### What the task asks
Among the records below, determine how many lines have the word "jeans" in them; output only the number.
________________
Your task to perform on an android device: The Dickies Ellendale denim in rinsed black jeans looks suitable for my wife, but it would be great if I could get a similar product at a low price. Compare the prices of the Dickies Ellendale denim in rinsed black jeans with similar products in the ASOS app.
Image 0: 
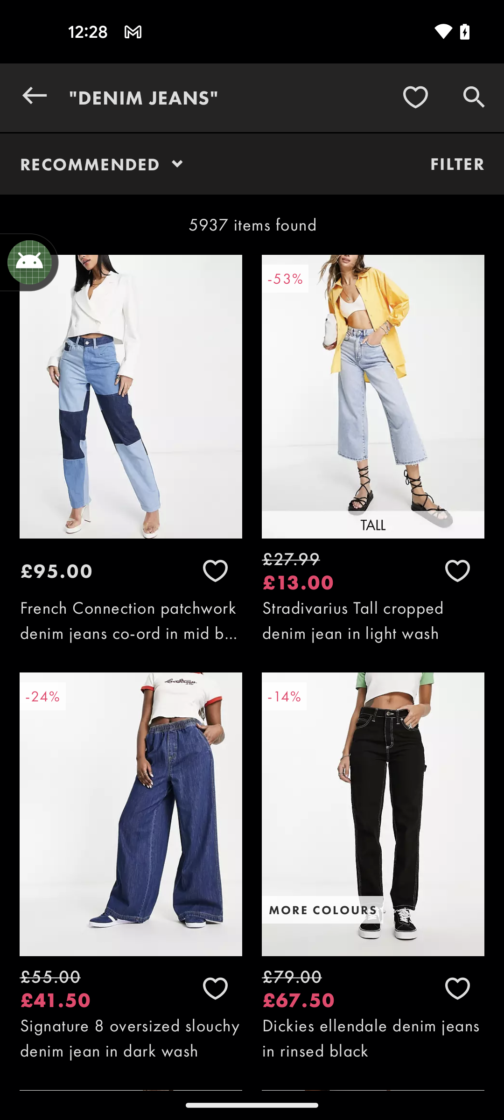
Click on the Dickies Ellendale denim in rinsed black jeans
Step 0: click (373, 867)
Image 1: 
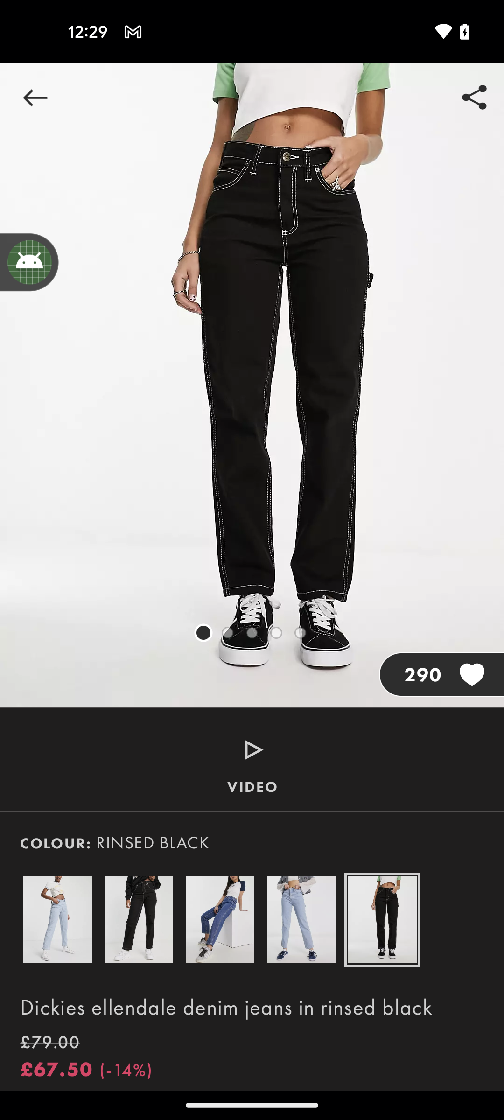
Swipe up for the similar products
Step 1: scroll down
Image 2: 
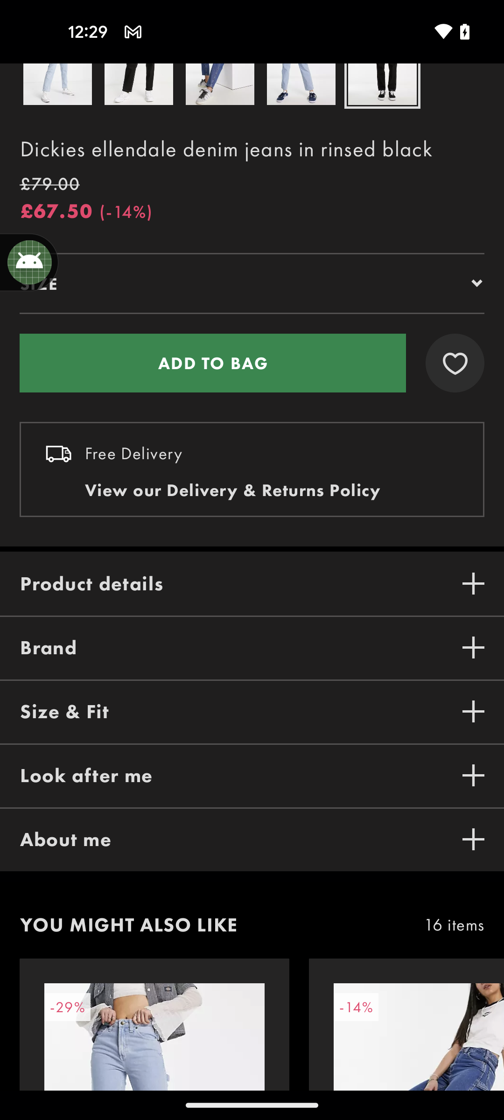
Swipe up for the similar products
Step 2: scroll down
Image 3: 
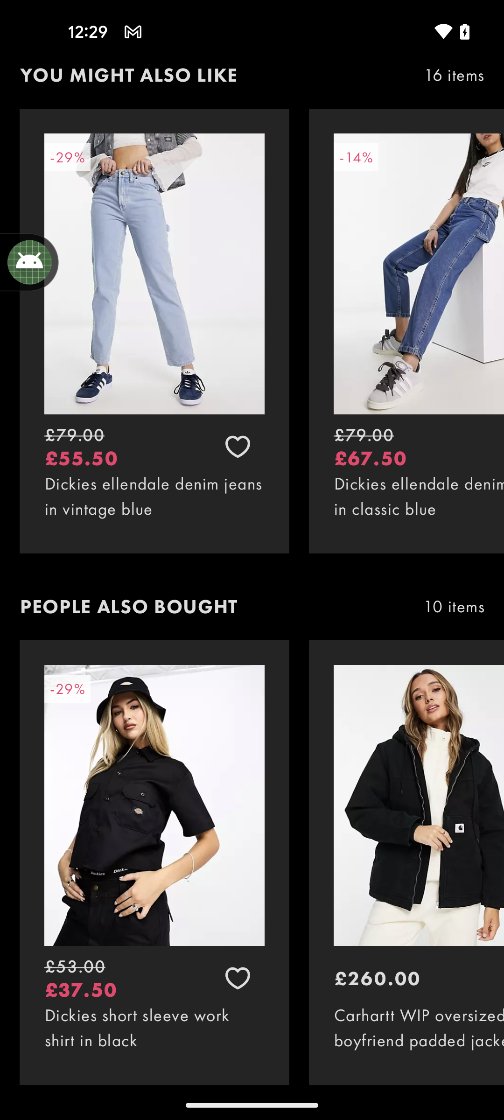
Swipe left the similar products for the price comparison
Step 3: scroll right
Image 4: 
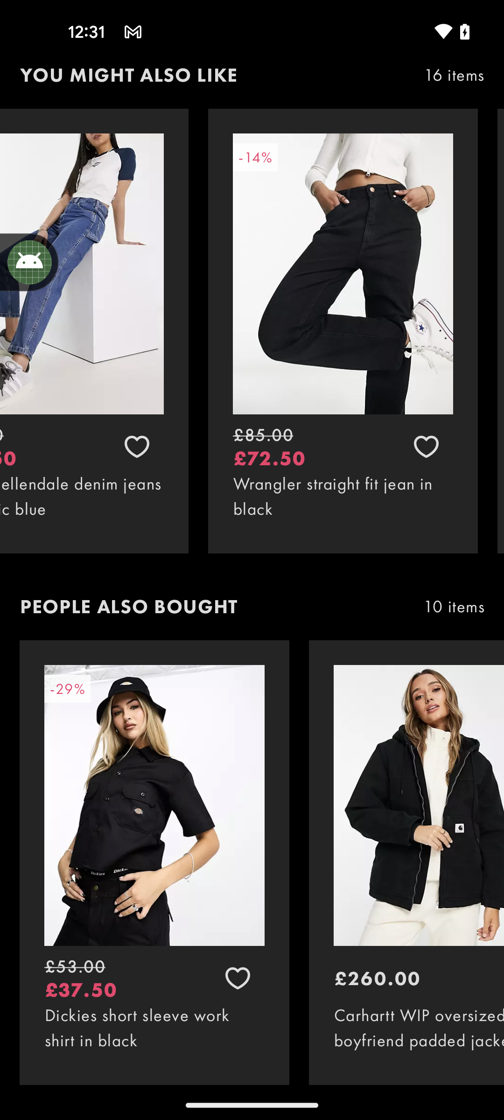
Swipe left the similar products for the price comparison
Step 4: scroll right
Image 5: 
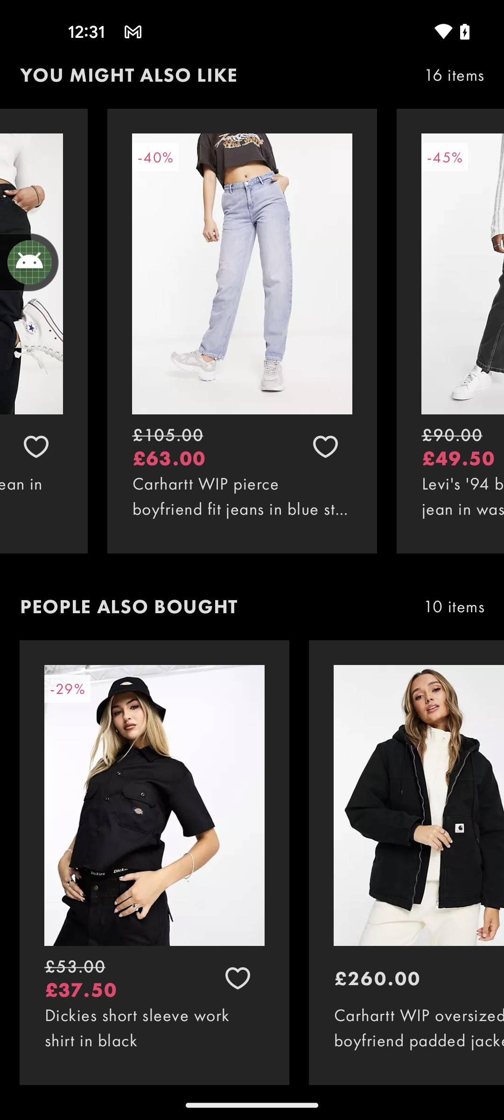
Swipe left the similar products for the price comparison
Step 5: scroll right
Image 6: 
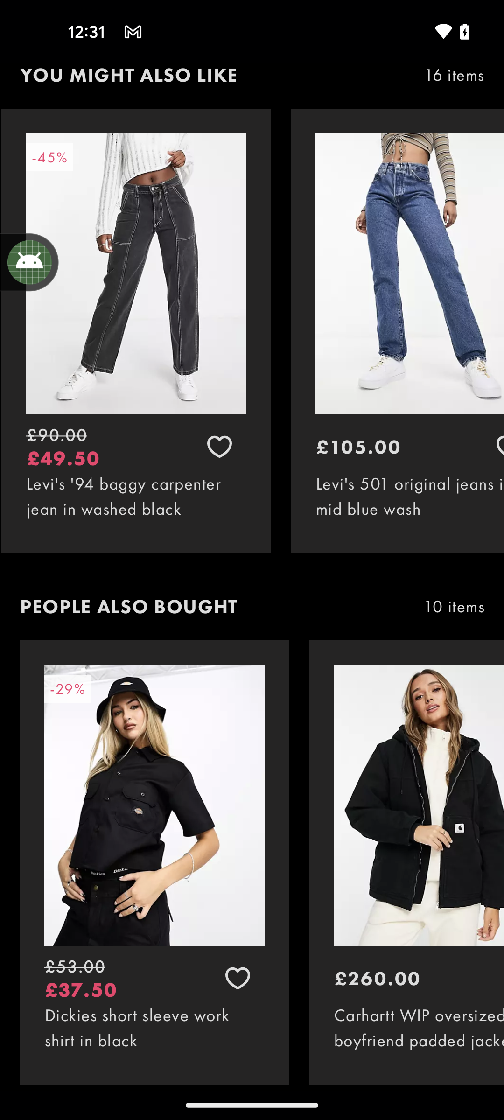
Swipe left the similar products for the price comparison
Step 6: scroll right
________________
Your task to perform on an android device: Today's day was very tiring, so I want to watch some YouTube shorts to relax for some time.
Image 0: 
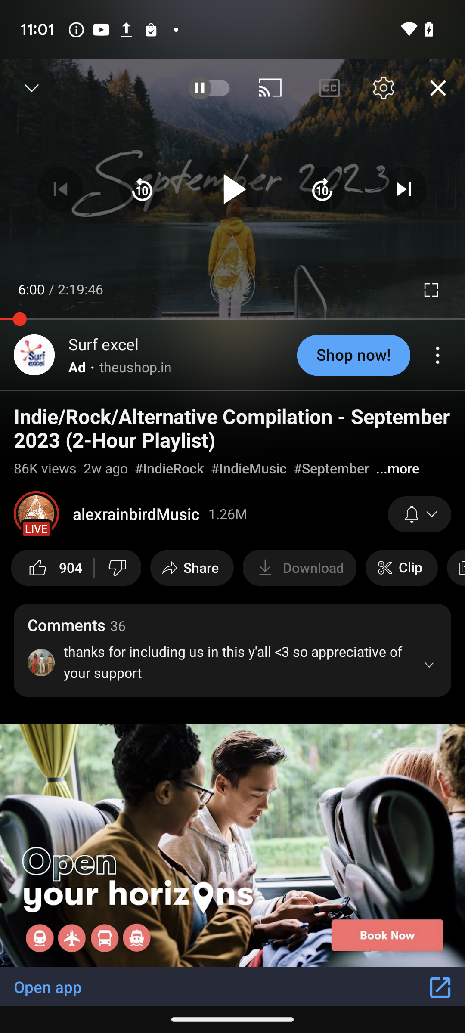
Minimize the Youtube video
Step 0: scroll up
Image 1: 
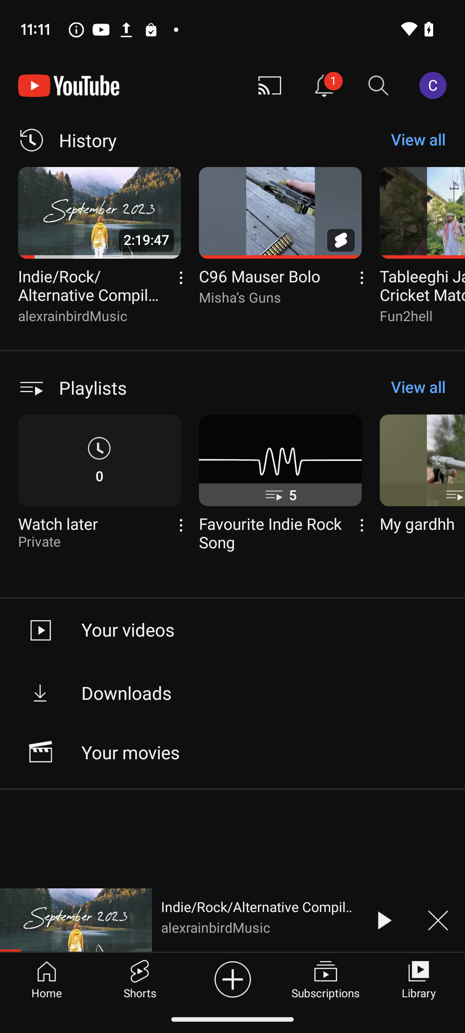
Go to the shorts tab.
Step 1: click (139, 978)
________________
### Answer to this problem
2